The user of every device connected to the campus network or that stores or transmits institutional information and research data is responsible for adherence to security control standards.

IT administrators either in UMass Dartmouth CITS or in specific colleges or units may do the actual installation and configuration work, but it remains the responsibility of the user of that device to have those controls installed, configured and up to date (even if that simply means that when prompted to keep a computer on for its update, the user will comply with the prompt). 

Faculty, staff or researchers who do not have or accept IT administration support are still subject to these rules and assume all responsibility for maintaining up to date controls on their devices that store or transmit institutional information and research data.  This rule applies to whether it is an institutionally owned device or personal, and whether it is on the campus network while physically on the campus or from a remote location.

A. Technology Standards

All information technology resources, regardless of ownership, that contain institutional information or research data must have the following foundational information security controls in place and functioning.

Additional controls may be required based on the categorization of the information or data, the nature of the information technology resource, the applicable regulatory or contractual requirements, or other risk management calculations.

The five foundational information security controls identified at the time of this policy’s publication are referenced below.

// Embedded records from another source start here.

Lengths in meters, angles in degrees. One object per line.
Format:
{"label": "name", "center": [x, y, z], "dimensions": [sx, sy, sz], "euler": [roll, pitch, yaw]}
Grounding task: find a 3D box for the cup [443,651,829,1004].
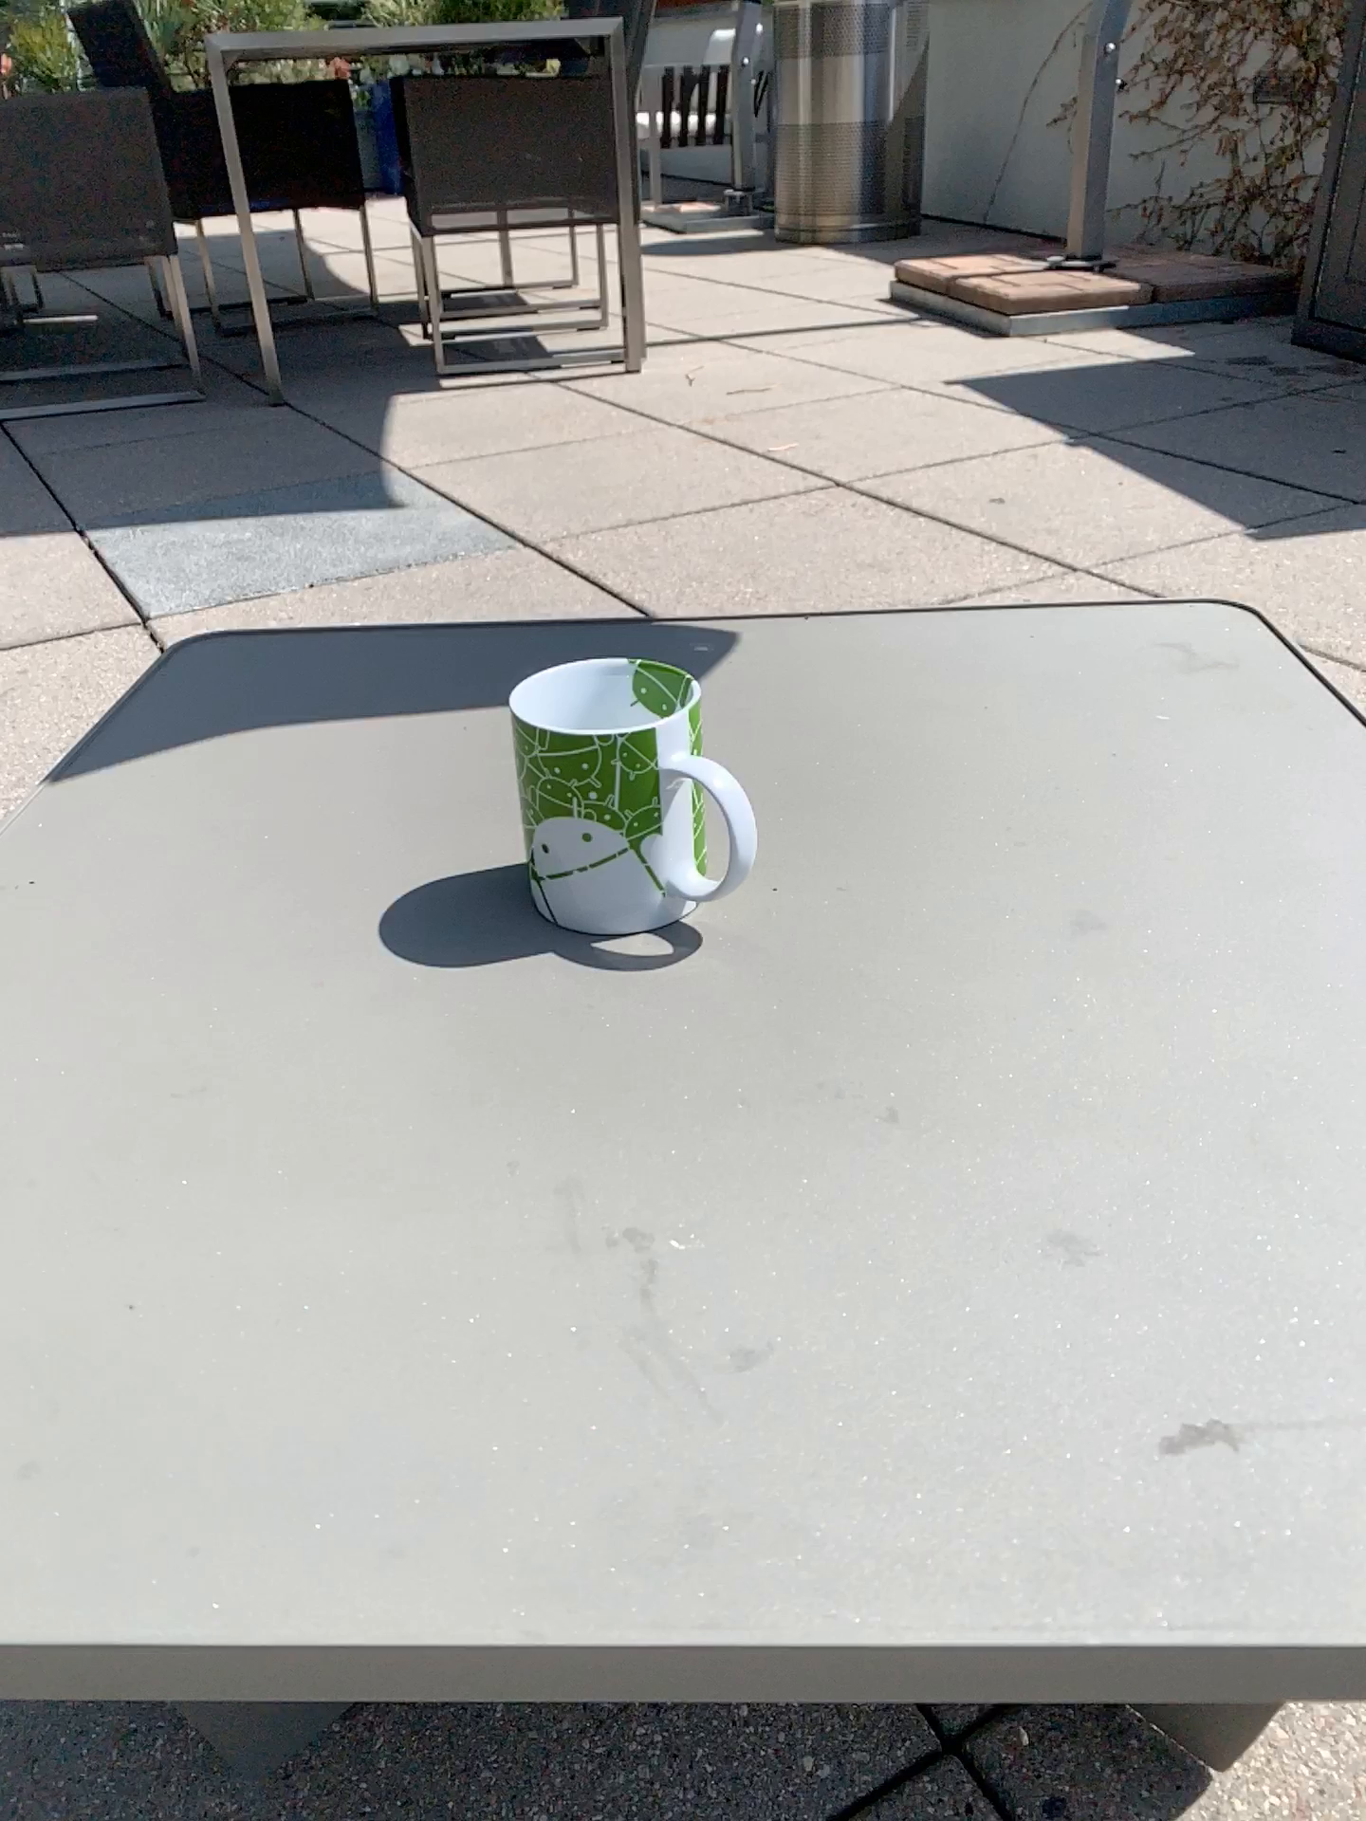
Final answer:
{"label": "cup", "center": [-0.016, -0.038, 0.565], "dimensions": [0.120, 0.090, 0.090], "euler": [16, 36, 29]}
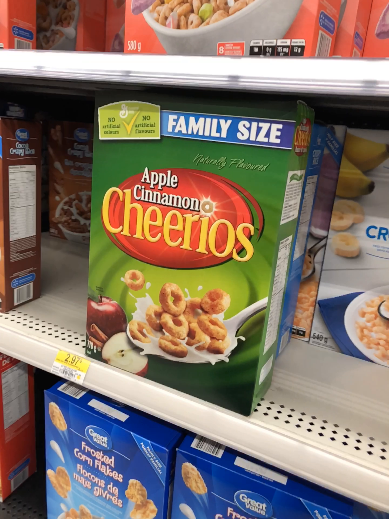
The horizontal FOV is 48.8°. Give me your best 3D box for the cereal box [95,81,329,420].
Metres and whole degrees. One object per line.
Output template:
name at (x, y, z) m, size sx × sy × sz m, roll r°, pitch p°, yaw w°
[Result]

For additional information, or to see a complete, updated list of foundational information security controls, see Information Security Controls.

  1. Patch Management
    Security patches must be installed, operational and regularly updated on all information technology resources.
  2. Anti-Malware
    Anti-malware solutions must be installed, operational and regularly updated for applicable information technology resources.
  3. Firewall
    Software to block incoming connections, unless explicitly allowed, must be installed and configured on applicable information technology resources.
  4. Encryption
    All institutional information and research data stored on end-user devices must be encrypted.
  5. Secure Disposal
    All information technology resources that contain institutional information or research data must be disposed of in an authorized manner.

B. User Account Standards

The campus owns all accounts, including UMassD Logon. It creates and provisions these accounts to users for the purposes of accessing university resources. All users have a responsibility to protect the university accounts under their care. Protection of these accounts may vary according to the risk that they present. Accounts with enhanced privileges may have additional requirements. For additional information including account standards, and password complexity rules, see UMassD Logon Standards and the UMassD Logon Eligibility Policy.

At a minimum, all accounts must adhere to the following:

  1. Credential Sharing
    Credentials for individual accounts must not be shared.
  2. Password Complexity
    UMass Dartmouth CITS sets password complexity requirements for your UMassD Logon.  It is against policy for a user to subvert those requirements. Other password protected accounts must establish passwords with equivalent or greater complexity as the UMassD Logon requirements.

VI. Terms and Definitions

Assets: Information technology resources, such as hardware and software and also including institutional information, research data, and intellectual property.

Availability: Ensuring timely and reliable access to and use of information. A loss of availability is the disruption of access to or use of information or an information system.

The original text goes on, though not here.